Me puse un recordatorio en Google Calendar para exactamente un año. ¿El objetivo? Volver a la nota anterior y analizar, más o menos con las mismas fuentes y criterios, qué tanto aumentó el uso de IA en el trabajo.

Pero además de los números globales, me interesa saber cuánto cambió mi propio uso. Si hoy la uso para tareas puntuales, ¿dentro de un año tal vez dependa de ella para casi todo? O al revés: tal vez haya límites más claros sobre en qué confío y en qué no.

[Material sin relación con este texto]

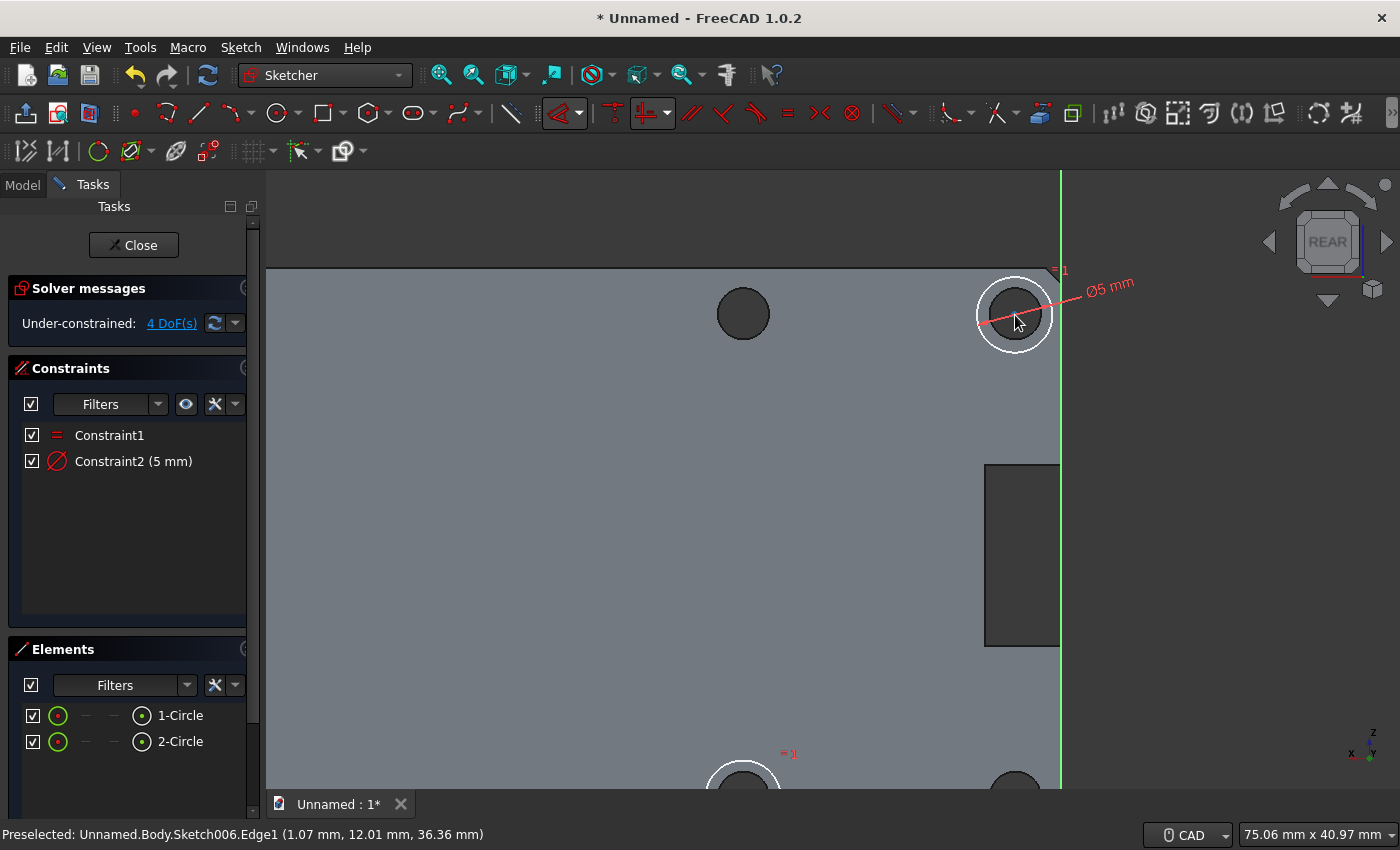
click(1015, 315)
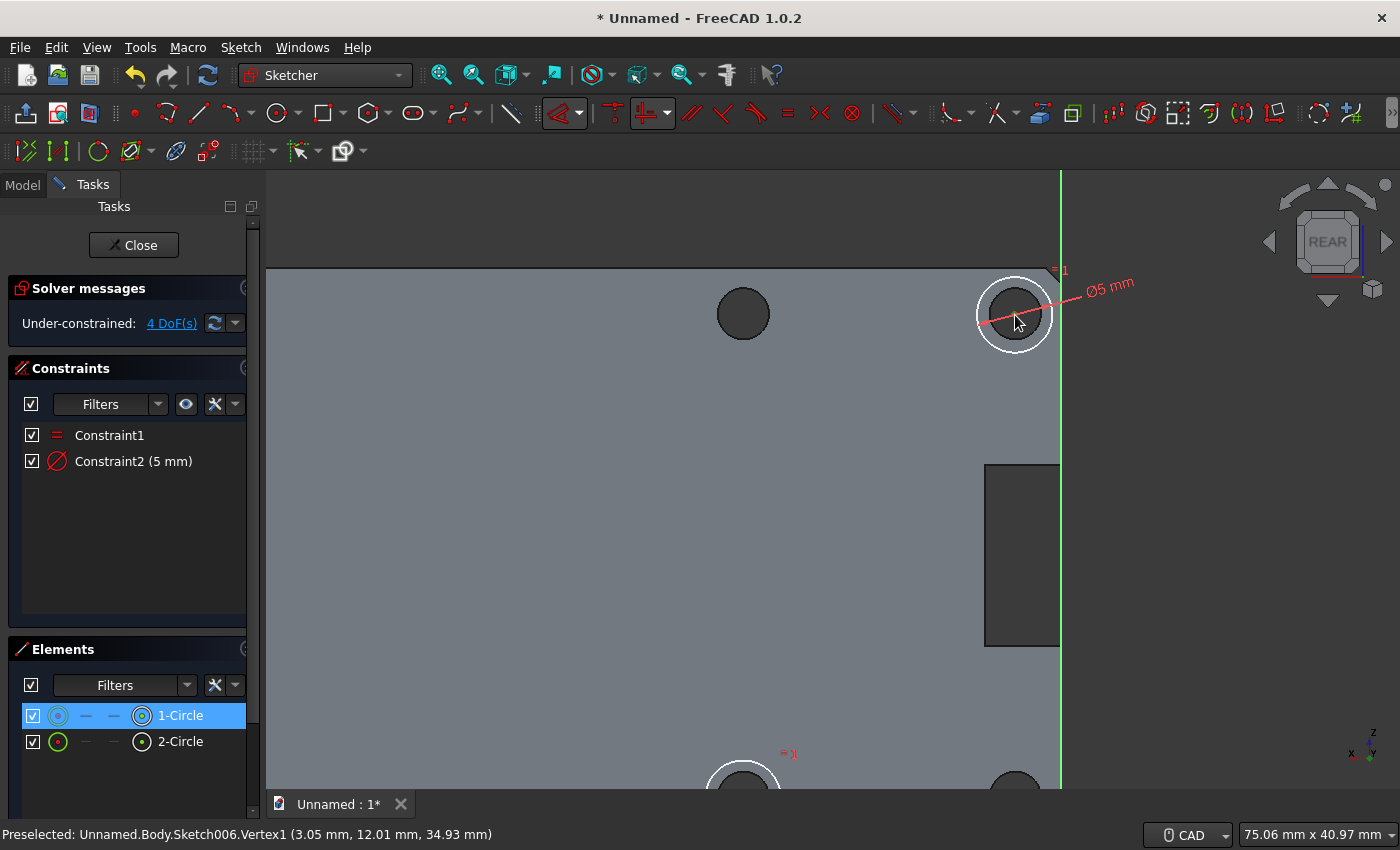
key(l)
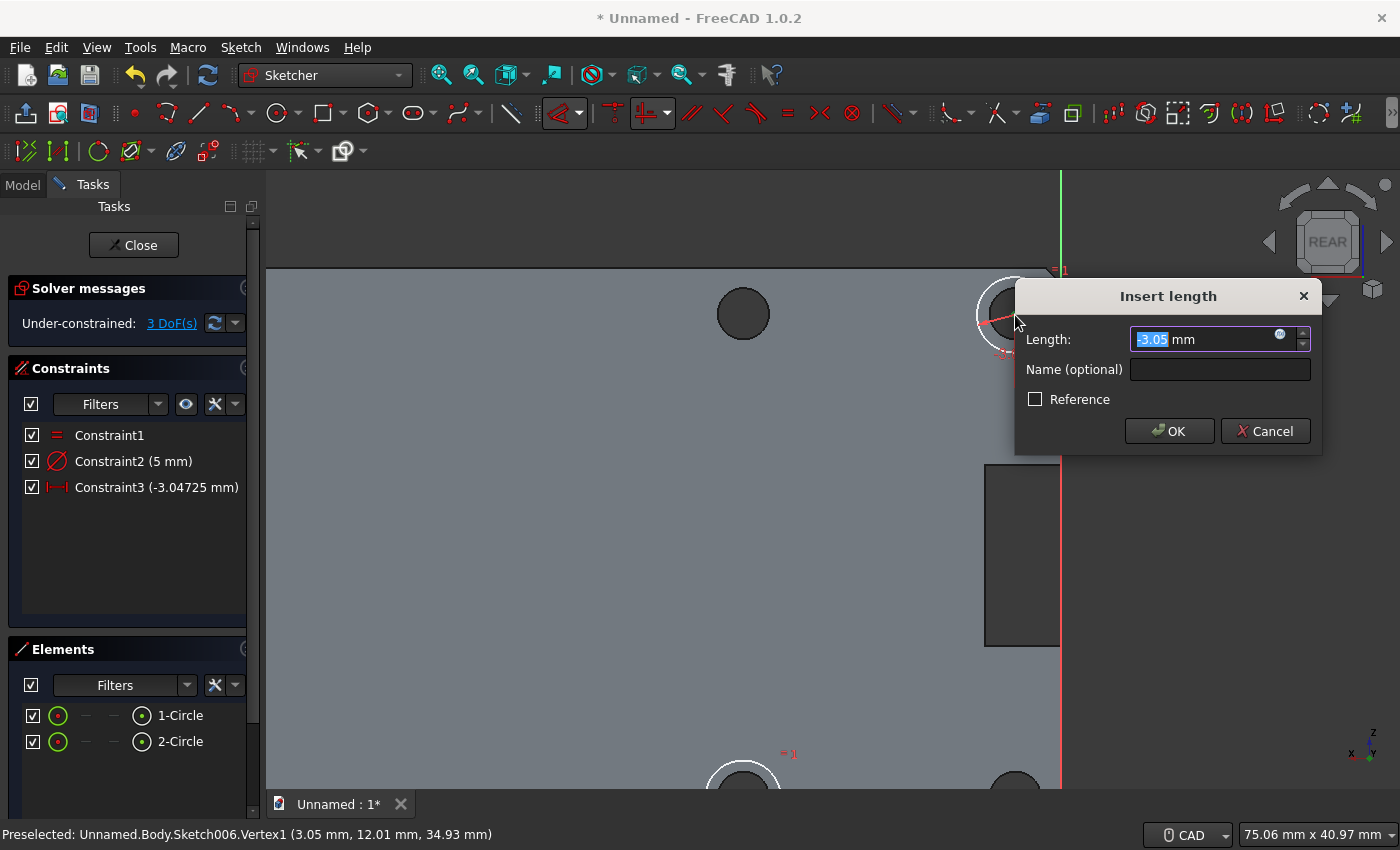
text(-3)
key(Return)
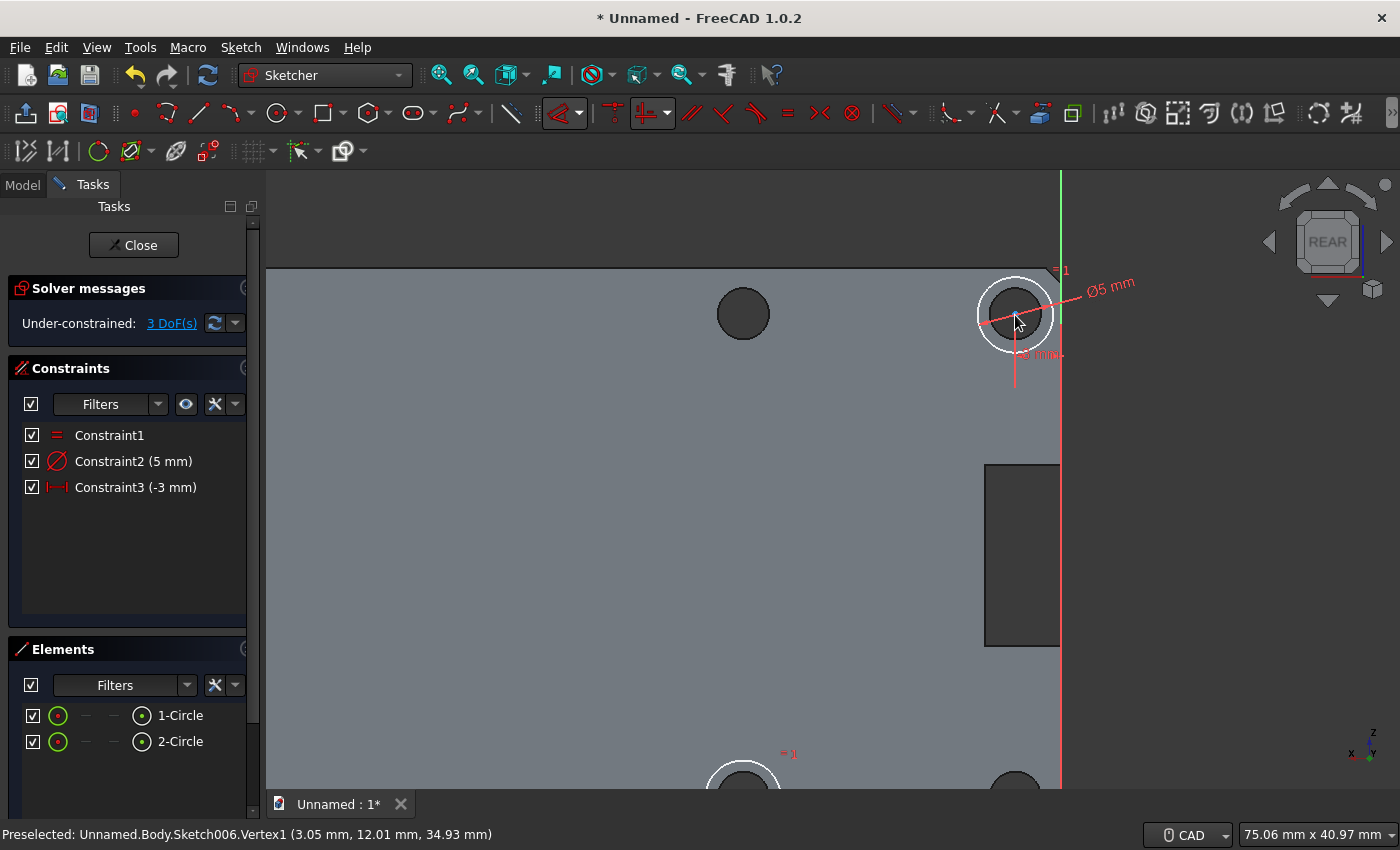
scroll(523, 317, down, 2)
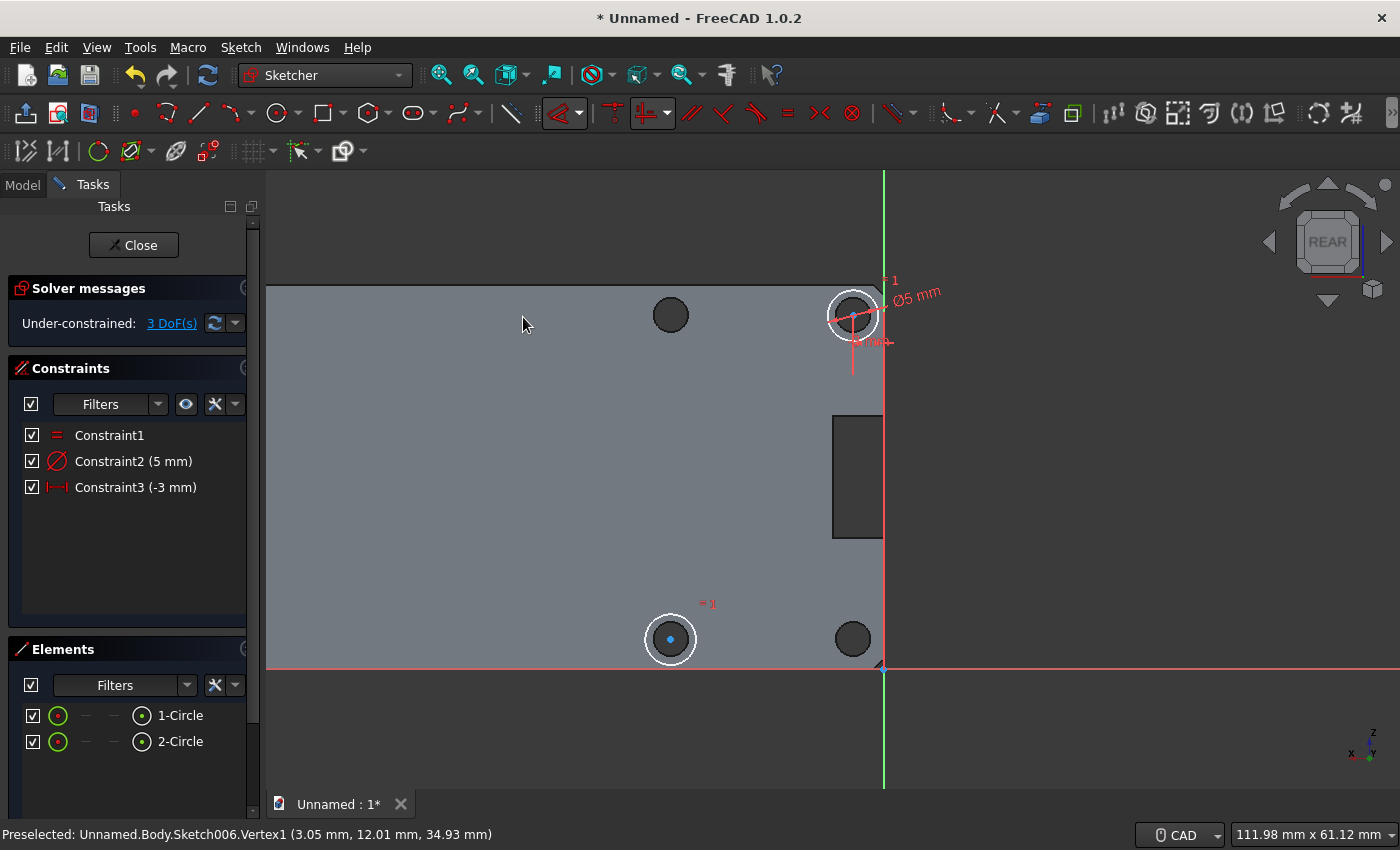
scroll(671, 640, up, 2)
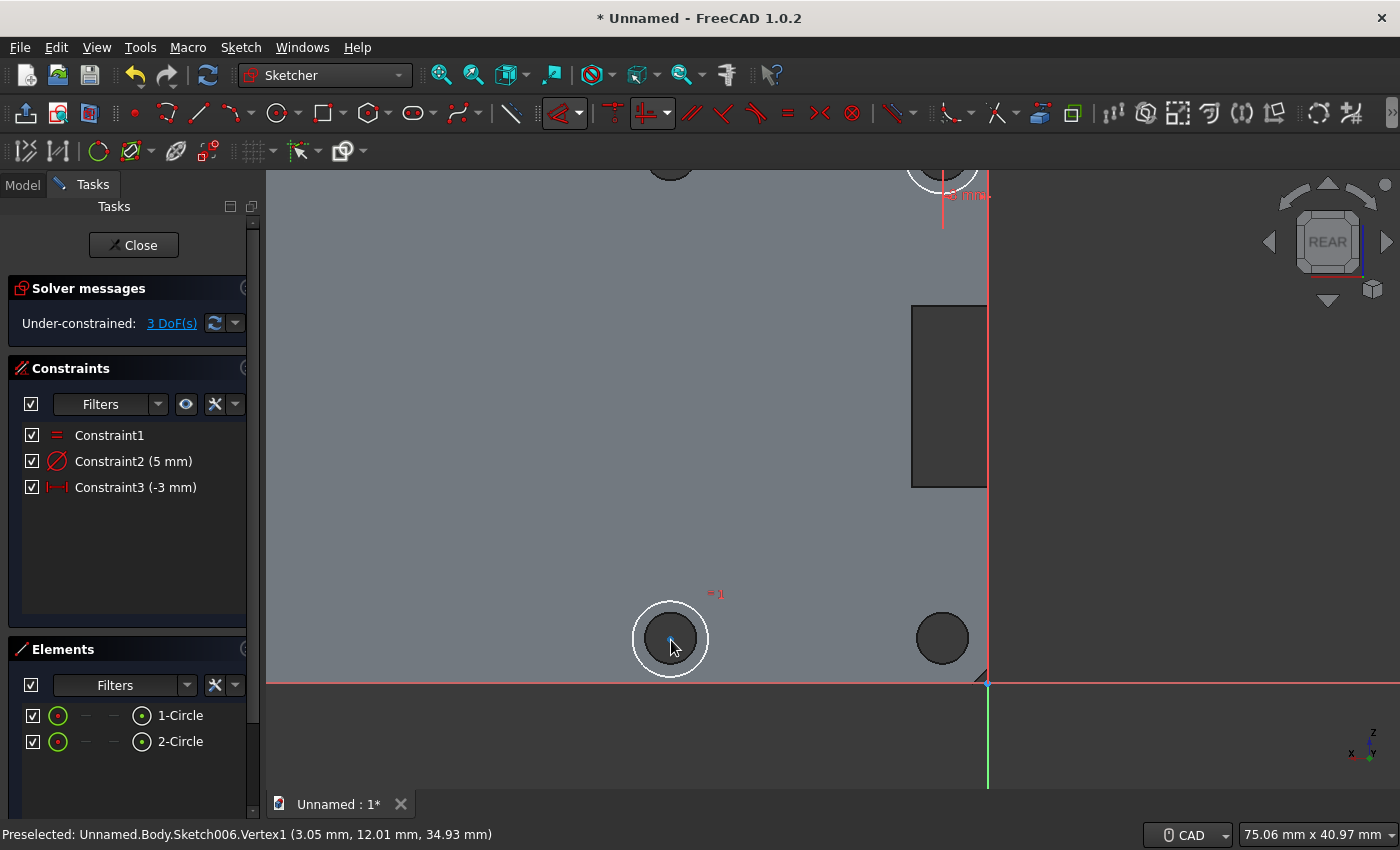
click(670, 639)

La adopción de estas herramientas no solo se mide en estadísticas; también se refleja en decisiones cotidianas que vamos normalizando sin pensar demasiado. Nadie piensa en la electricidad o en los mecanismos detrás de un secador de pelo: uno simplemente se seca el pelo. ¿Puede que con la IA pase algo parecido? Es decir, que usarla deje de ser una elección y se convierta en parte del funcionamiento básico de las cosas.

Otra pregunta es qué entendemos exactamente por “productividad”. Los datos muestran que muchas tareas ahora se hacen más rápido y con menos esfuerzo. Pero eso no siempre implica mejor trabajo. Cumplir objetivos no debería requerir estar frente a una pantalla 40 horas por semana. Lo relevante es si se resuelven los problemas, si el trabajo tiene sentido, si se mantiene la calidad.

Cuando vuelva a leer esto dentro de un año, no me interesará únicamente cuánto crecieron las cifras. Me va a importar si el uso de la IA se volvió tan natural que ya no lo noto. Si lo que antes parecía una herramienta, ahora es simplemente el entorno. Y si, en ese proceso, gané tiempo o perdí autonomía.